[The records]

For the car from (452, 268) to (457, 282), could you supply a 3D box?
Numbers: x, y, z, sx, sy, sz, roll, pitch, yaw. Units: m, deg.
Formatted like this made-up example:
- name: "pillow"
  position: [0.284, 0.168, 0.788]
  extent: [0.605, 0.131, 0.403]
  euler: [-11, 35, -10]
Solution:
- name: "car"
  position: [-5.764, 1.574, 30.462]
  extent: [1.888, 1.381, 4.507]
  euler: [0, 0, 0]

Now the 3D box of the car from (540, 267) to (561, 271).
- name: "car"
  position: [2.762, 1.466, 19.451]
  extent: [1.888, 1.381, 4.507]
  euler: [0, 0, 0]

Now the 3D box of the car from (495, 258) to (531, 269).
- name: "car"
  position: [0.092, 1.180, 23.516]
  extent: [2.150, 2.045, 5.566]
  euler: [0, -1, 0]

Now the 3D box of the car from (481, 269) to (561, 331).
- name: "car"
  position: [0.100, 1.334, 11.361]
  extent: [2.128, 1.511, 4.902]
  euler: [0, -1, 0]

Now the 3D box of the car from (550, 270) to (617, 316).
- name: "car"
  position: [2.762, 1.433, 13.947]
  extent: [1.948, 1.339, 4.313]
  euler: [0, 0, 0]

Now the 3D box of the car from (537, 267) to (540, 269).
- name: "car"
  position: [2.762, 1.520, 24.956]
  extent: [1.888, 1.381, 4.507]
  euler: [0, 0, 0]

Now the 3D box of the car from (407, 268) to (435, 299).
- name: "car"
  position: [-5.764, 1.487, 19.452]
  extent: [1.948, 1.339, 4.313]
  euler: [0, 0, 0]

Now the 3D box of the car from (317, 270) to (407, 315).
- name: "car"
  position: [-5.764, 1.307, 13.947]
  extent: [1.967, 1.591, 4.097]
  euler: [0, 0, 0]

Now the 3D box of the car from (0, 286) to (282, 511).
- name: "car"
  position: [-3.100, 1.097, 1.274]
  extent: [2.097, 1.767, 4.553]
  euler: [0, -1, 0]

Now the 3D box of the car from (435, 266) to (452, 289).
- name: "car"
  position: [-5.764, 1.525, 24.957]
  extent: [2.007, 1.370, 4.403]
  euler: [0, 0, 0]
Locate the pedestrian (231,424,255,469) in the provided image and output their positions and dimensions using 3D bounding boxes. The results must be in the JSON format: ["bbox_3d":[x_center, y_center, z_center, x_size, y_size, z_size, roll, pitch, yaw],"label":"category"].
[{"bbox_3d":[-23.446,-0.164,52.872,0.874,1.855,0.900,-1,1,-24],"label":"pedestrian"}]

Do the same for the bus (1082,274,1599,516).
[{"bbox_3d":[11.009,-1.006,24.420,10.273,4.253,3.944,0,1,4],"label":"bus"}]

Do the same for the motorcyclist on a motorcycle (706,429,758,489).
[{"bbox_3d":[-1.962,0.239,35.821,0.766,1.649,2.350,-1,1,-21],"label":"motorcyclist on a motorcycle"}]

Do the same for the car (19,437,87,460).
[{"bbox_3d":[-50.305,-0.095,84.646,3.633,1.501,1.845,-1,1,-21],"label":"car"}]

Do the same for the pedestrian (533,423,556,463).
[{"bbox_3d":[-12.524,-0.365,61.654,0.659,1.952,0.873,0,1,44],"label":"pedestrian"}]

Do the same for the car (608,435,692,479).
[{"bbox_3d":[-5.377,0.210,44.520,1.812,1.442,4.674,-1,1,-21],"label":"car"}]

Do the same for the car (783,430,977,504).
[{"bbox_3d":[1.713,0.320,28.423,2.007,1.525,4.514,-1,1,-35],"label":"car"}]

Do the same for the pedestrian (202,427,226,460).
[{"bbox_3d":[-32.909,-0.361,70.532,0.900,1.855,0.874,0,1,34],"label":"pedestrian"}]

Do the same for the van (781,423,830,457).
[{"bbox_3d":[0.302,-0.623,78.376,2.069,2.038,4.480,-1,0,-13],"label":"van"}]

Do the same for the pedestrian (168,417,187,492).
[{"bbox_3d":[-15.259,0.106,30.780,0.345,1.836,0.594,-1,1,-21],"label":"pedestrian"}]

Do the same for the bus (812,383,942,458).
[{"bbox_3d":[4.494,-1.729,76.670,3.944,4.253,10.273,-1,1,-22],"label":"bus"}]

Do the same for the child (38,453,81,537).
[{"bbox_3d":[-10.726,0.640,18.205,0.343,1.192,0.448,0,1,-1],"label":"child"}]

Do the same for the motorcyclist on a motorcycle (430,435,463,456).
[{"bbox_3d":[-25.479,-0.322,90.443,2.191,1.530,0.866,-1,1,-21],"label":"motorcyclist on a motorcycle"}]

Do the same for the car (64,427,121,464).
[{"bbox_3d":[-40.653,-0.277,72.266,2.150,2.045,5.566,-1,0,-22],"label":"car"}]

[Exercise] I'd like the entries above reproduced in full, exactly as they stand.

[Exercise output]
For the car from (452, 268) to (457, 282), could you supply a 3D box?
Numbers: x, y, z, sx, sy, sz, roll, pitch, yaw. Units: m, deg.
Formatted like this made-up example:
- name: "pillow"
  position: [0.284, 0.168, 0.788]
  extent: [0.605, 0.131, 0.403]
  euler: [-11, 35, -10]
Solution:
- name: "car"
  position: [-5.764, 1.574, 30.462]
  extent: [1.888, 1.381, 4.507]
  euler: [0, 0, 0]

Now the 3D box of the car from (540, 267) to (561, 271).
- name: "car"
  position: [2.762, 1.466, 19.451]
  extent: [1.888, 1.381, 4.507]
  euler: [0, 0, 0]

Now the 3D box of the car from (495, 258) to (531, 269).
- name: "car"
  position: [0.092, 1.180, 23.516]
  extent: [2.150, 2.045, 5.566]
  euler: [0, -1, 0]

Now the 3D box of the car from (481, 269) to (561, 331).
- name: "car"
  position: [0.100, 1.334, 11.361]
  extent: [2.128, 1.511, 4.902]
  euler: [0, -1, 0]

Now the 3D box of the car from (550, 270) to (617, 316).
- name: "car"
  position: [2.762, 1.433, 13.947]
  extent: [1.948, 1.339, 4.313]
  euler: [0, 0, 0]

Now the 3D box of the car from (537, 267) to (540, 269).
- name: "car"
  position: [2.762, 1.520, 24.956]
  extent: [1.888, 1.381, 4.507]
  euler: [0, 0, 0]

Now the 3D box of the car from (407, 268) to (435, 299).
- name: "car"
  position: [-5.764, 1.487, 19.452]
  extent: [1.948, 1.339, 4.313]
  euler: [0, 0, 0]

Now the 3D box of the car from (317, 270) to (407, 315).
- name: "car"
  position: [-5.764, 1.307, 13.947]
  extent: [1.967, 1.591, 4.097]
  euler: [0, 0, 0]

Now the 3D box of the car from (0, 286) to (282, 511).
- name: "car"
  position: [-3.100, 1.097, 1.274]
  extent: [2.097, 1.767, 4.553]
  euler: [0, -1, 0]

Now the 3D box of the car from (435, 266) to (452, 289).
- name: "car"
  position: [-5.764, 1.525, 24.957]
  extent: [2.007, 1.370, 4.403]
  euler: [0, 0, 0]
Locate the pedestrian (231,424,255,469) in the provided image and output their positions and dimensions using 3D bounding boxes. The results must be in the JSON format: ["bbox_3d":[x_center, y_center, z_center, x_size, y_size, z_size, roll, pitch, yaw],"label":"category"].
[{"bbox_3d":[-23.446,-0.164,52.872,0.874,1.855,0.900,-1,1,-24],"label":"pedestrian"}]

Do the same for the bus (1082,274,1599,516).
[{"bbox_3d":[11.009,-1.006,24.420,10.273,4.253,3.944,0,1,4],"label":"bus"}]

Do the same for the motorcyclist on a motorcycle (706,429,758,489).
[{"bbox_3d":[-1.962,0.239,35.821,0.766,1.649,2.350,-1,1,-21],"label":"motorcyclist on a motorcycle"}]

Do the same for the car (19,437,87,460).
[{"bbox_3d":[-50.305,-0.095,84.646,3.633,1.501,1.845,-1,1,-21],"label":"car"}]

Do the same for the pedestrian (533,423,556,463).
[{"bbox_3d":[-12.524,-0.365,61.654,0.659,1.952,0.873,0,1,44],"label":"pedestrian"}]

Do the same for the car (608,435,692,479).
[{"bbox_3d":[-5.377,0.210,44.520,1.812,1.442,4.674,-1,1,-21],"label":"car"}]

Do the same for the car (783,430,977,504).
[{"bbox_3d":[1.713,0.320,28.423,2.007,1.525,4.514,-1,1,-35],"label":"car"}]

Do the same for the pedestrian (202,427,226,460).
[{"bbox_3d":[-32.909,-0.361,70.532,0.900,1.855,0.874,0,1,34],"label":"pedestrian"}]

Do the same for the van (781,423,830,457).
[{"bbox_3d":[0.302,-0.623,78.376,2.069,2.038,4.480,-1,0,-13],"label":"van"}]

Do the same for the pedestrian (168,417,187,492).
[{"bbox_3d":[-15.259,0.106,30.780,0.345,1.836,0.594,-1,1,-21],"label":"pedestrian"}]

Do the same for the bus (812,383,942,458).
[{"bbox_3d":[4.494,-1.729,76.670,3.944,4.253,10.273,-1,1,-22],"label":"bus"}]

Do the same for the child (38,453,81,537).
[{"bbox_3d":[-10.726,0.640,18.205,0.343,1.192,0.448,0,1,-1],"label":"child"}]

Do the same for the motorcyclist on a motorcycle (430,435,463,456).
[{"bbox_3d":[-25.479,-0.322,90.443,2.191,1.530,0.866,-1,1,-21],"label":"motorcyclist on a motorcycle"}]

Do the same for the car (64,427,121,464).
[{"bbox_3d":[-40.653,-0.277,72.266,2.150,2.045,5.566,-1,0,-22],"label":"car"}]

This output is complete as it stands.